Terahertz macrospin dynamics in insulating ferrimagnets

We investigate numerically the excitation of nonlinear magnetic interactions in a ferrite material by an energetic pump pulse of terahertz (THz) radiation. The calculations are performed by solving the coupled Maxwell and Landau-Lifshitz-Gilbert differential equations. In a time-resolved THz pump/THz probe scheme, it is demonstrated that Faraday rotation of a delayed THz probe pulse can be used to map these interactions. Our study is motivated by the ability of soft x-ray free electron lasers to perform time-resolved imaging of the magnetization process at the submicrometer and subpicosecond length and time scales.

Figure 1

(a) The THz pump and probe pulses. (b) A schematic diagram showing the initial polarization convention. Both $E_{\mathrm{THz}}$ and $H_{\mathrm{THz}}$ lie in the plane of the sample surface. A unit sphere is shown to represent the magnetization state.
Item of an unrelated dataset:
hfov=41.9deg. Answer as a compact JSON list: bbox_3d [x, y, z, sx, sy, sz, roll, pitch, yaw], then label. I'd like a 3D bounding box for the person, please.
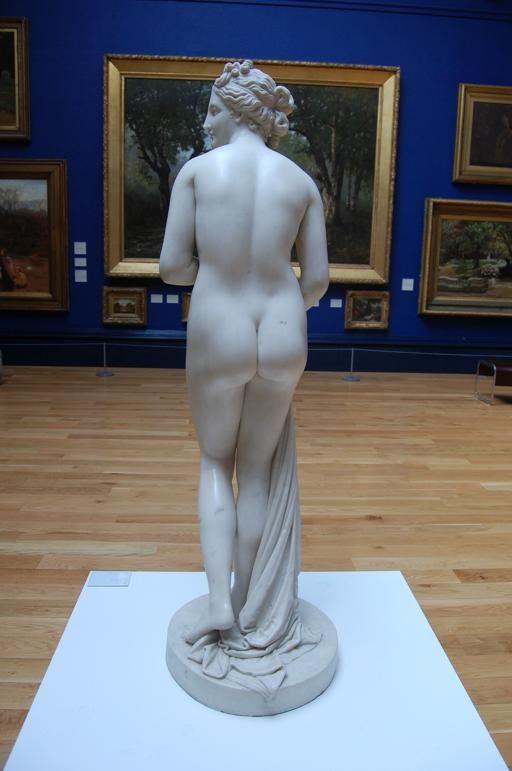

A trajectory of the magnetization vector, after excitation by the THz pulse, is plotted on the sphere, with red arrows to indicate the time evolution.

Figure 2

(a), (b) Time evolution of the THz field and magnetization components at a depth of 50 µm inside the sample. Space-time map of the THz pump magnetic field (c) and of the out-of-plane magnetization (d).

Figure 3

The input THz fields (a), and the transmitted THz fields at a pump-probe delay of (b) 10 ps and (c) 20 ps. The transmitted probe pulses are shown on a magnified scale at the right of the figure. (d) Faraday rotation of the transmitted THz probe pulse in comparison with $m_{\perp }$ at a depth of 50 µm.